Jonathan Perry

Personal information
- Full name: Jonathan Nicholas Perry
- Born: 29 December 1965 (age 60) Frimley, Surrey, England
- Batting: Right-handed
- Bowling: Right-arm medium

Domestic team information
- 1987–1988: Cambridge University

Career statistics
| Competition | FC |
| Matches | 11 |
| Runs scored | 104 |
| Batting average | 9.45 |
| 100s/50s | 0/0 |
| Top score | 26 |
| Balls bowled | 1,745 |
| Wickets | 18 |
| Bowling average | 46.44 |
| 5 wickets in innings | 0 |
| 10 wickets in match | 0 |
| Best bowling | 3/56 |
| Catches/stumpings | 4/0 |
- Source: CricketArchive, 8 March 2009

= Jonathan Perry (cricketer) =

English cricketer

Jonathan Nicholas Perry (born 29 December 1965 in Frimley, Surrey) is a former English cricketer who played 11 first-class matches in 1987 and 1988. Ten of these games were for Cambridge University, with the other coming for the combined Oxford and Cambridge Universities side.

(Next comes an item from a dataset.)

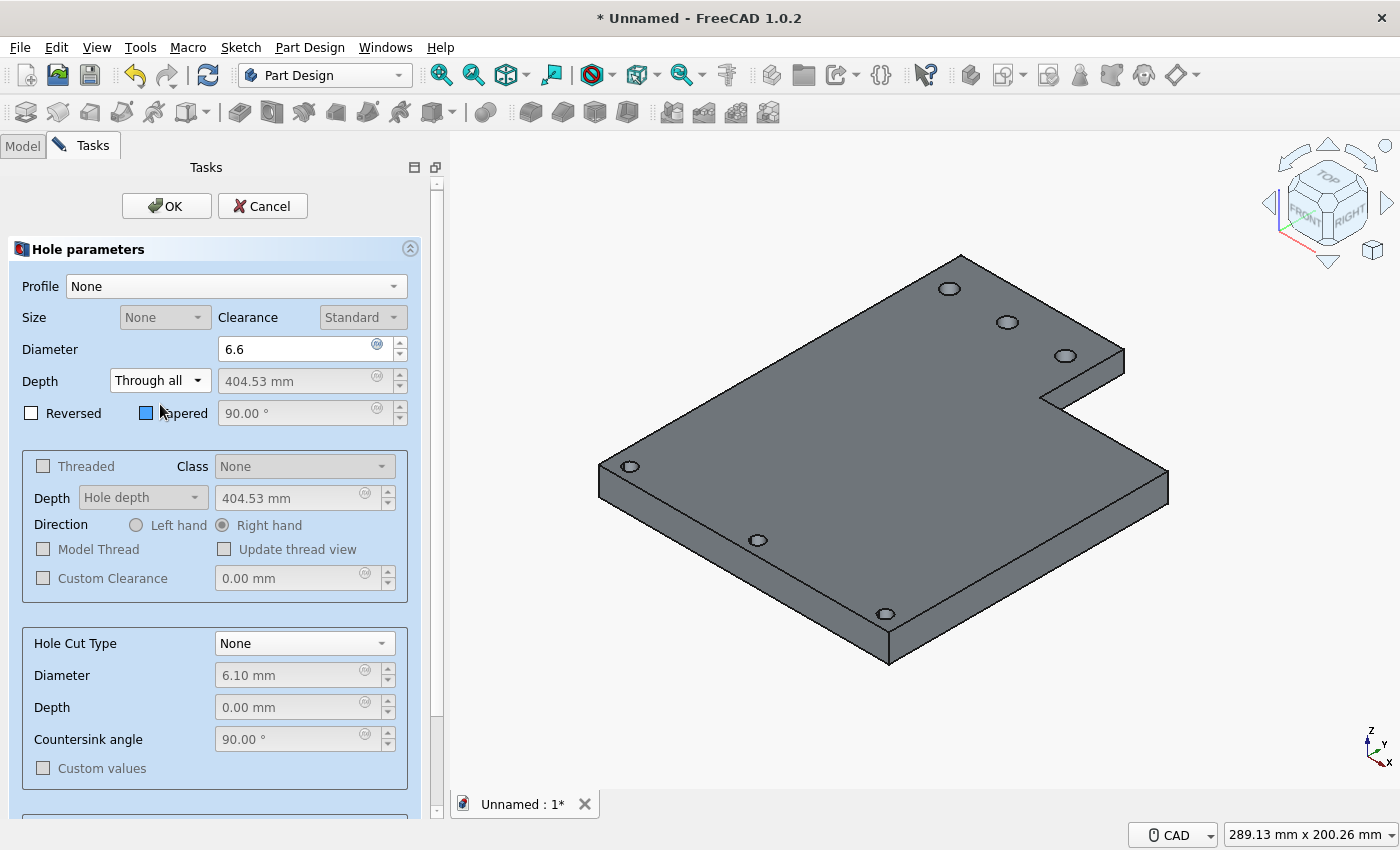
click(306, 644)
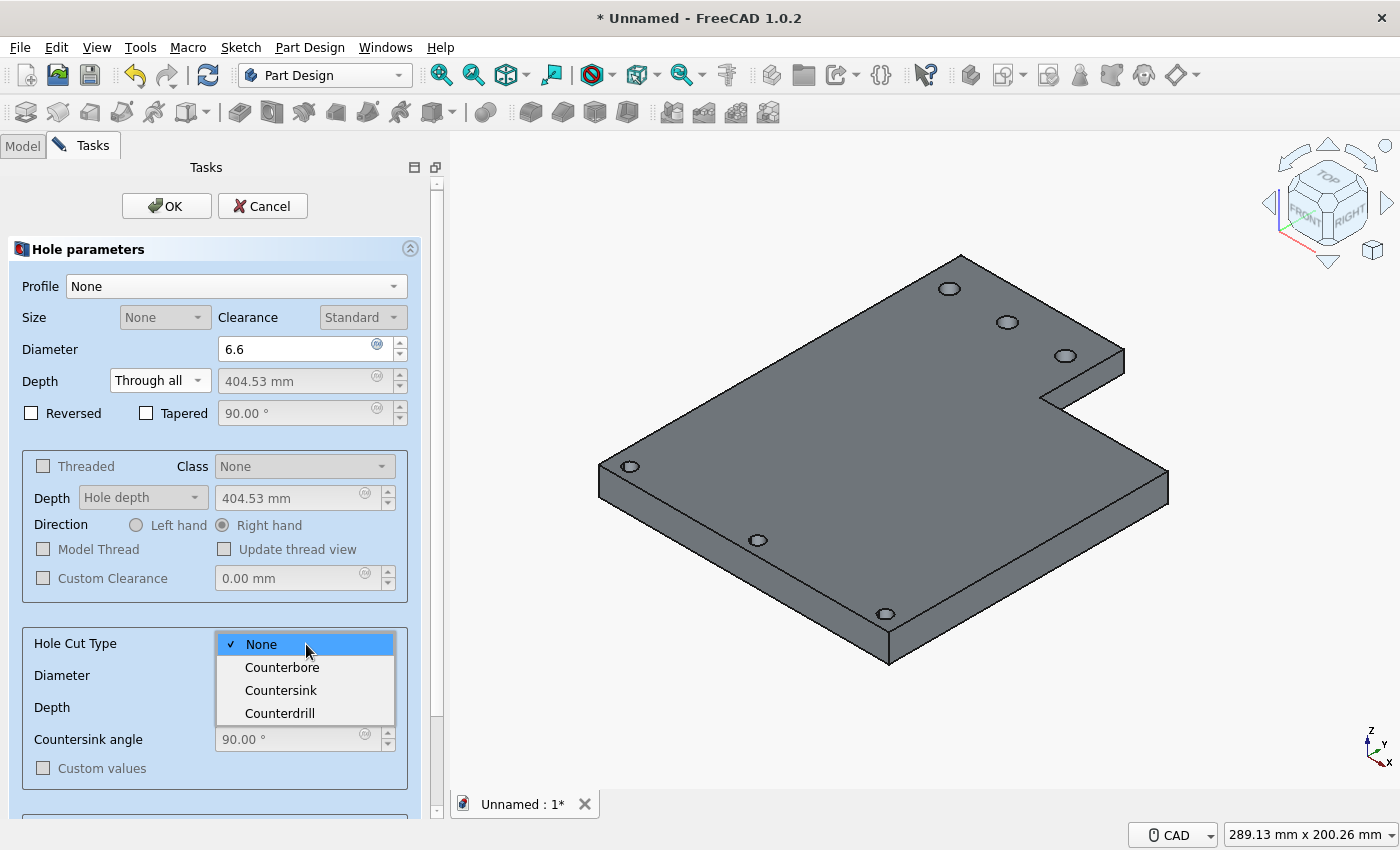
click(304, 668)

Perry made his debut for Cambridge against Lancashire at Fenner's in April 1987, taking four wickets in the match including 3/73 in the first innings.
He bettered this with 3/56 (his career best) against Surrey in his next game.
His only other three-wicket haul was also against Surrey, 3/72 in June 1988,
although he did manage four wickets in a non-first-class game for Oxford and Cambridge Universities against the West Indians later that month.

Perry is the great-grandson of Warwickshire captain and England and British Lions rugby union international J. F. Byrne.